··· Recorded data ···

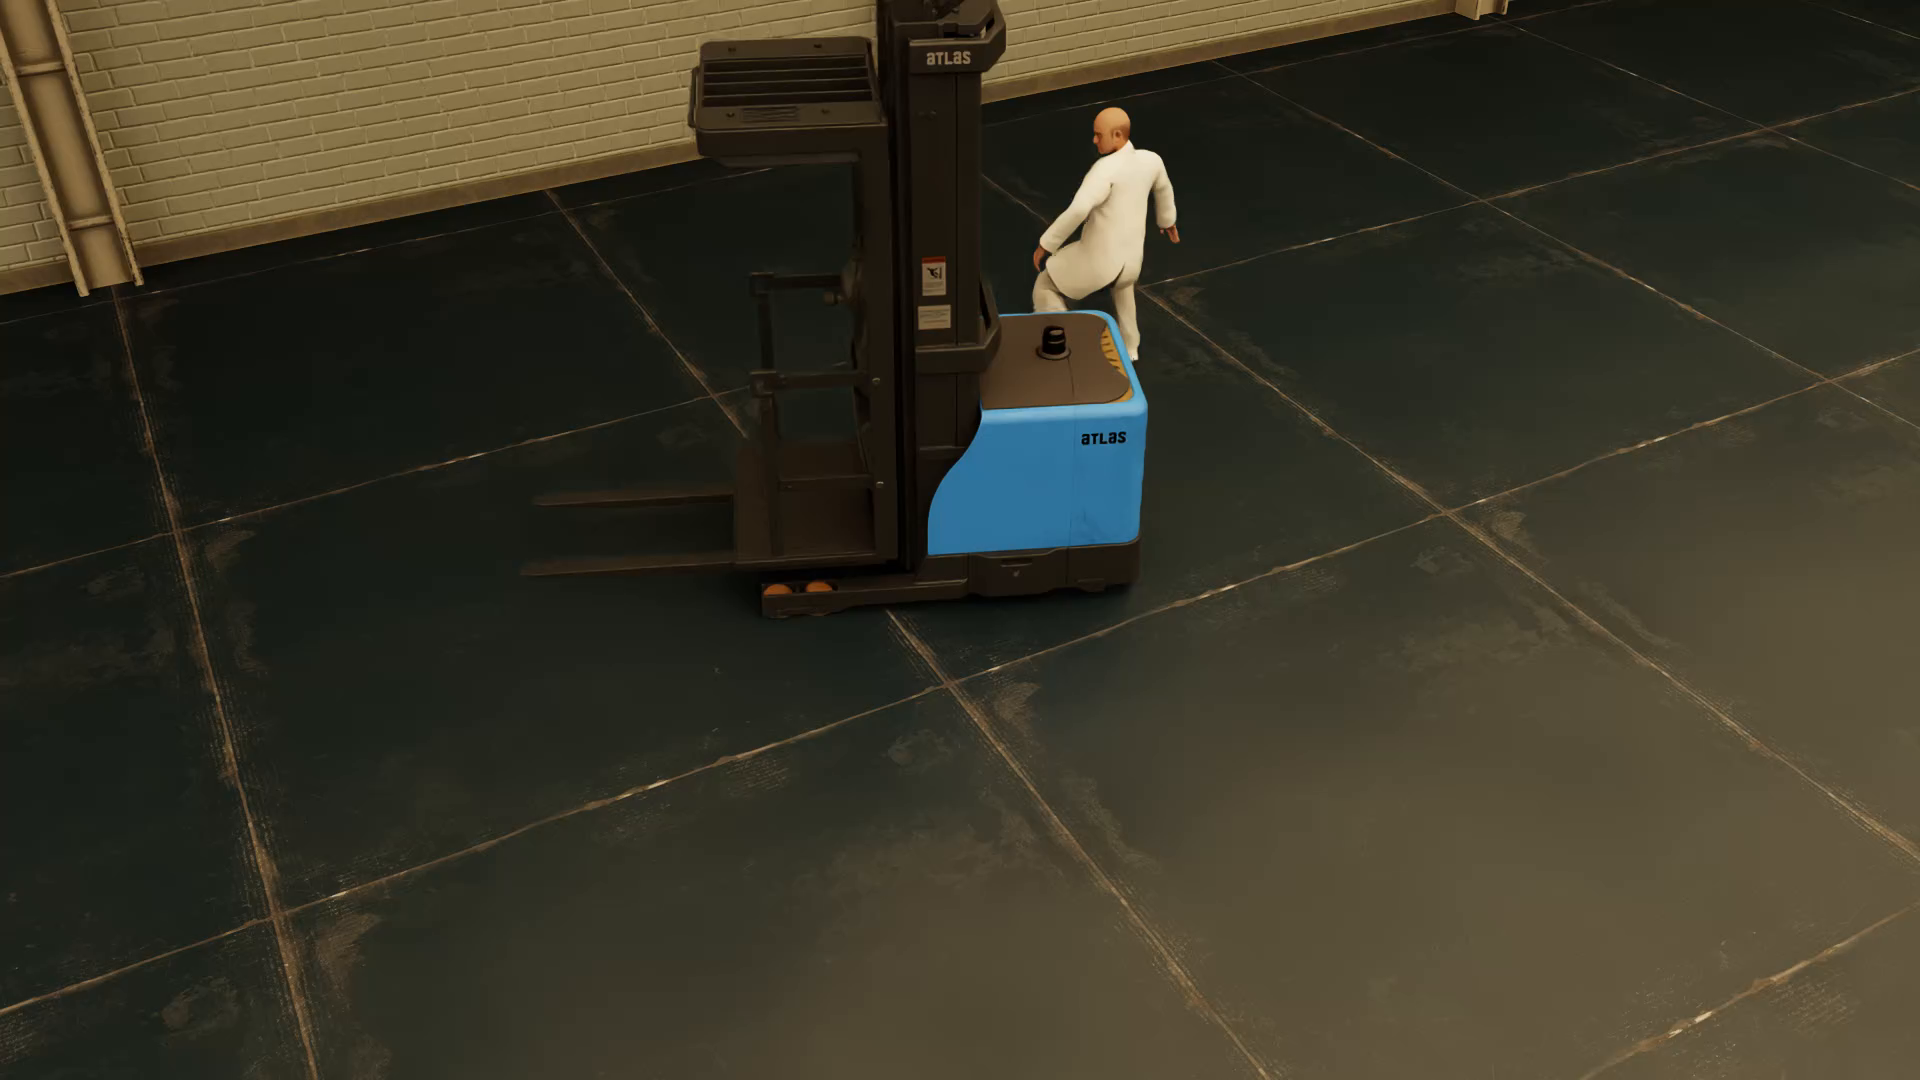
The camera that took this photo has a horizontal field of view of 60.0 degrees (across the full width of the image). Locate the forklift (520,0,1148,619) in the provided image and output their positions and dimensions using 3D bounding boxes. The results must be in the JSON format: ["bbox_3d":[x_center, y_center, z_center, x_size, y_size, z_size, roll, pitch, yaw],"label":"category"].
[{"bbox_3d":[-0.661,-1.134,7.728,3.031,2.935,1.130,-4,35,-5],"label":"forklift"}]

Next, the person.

···

* **Problem statement**: Drop every picture from the data, then output all the rest exactly.

* **Task response**:
The camera that took this photo has a horizontal field of view of 60.0 degrees (across the full width of the image). Locate the forklift (520,0,1148,619) in the provided image and output their positions and dimensions using 3D bounding boxes. The results must be in the JSON format: ["bbox_3d":[x_center, y_center, z_center, x_size, y_size, z_size, roll, pitch, yaw],"label":"category"].
[{"bbox_3d":[-0.661,-1.134,7.728,3.031,2.935,1.130,-4,35,-5],"label":"forklift"}]

Next, the person.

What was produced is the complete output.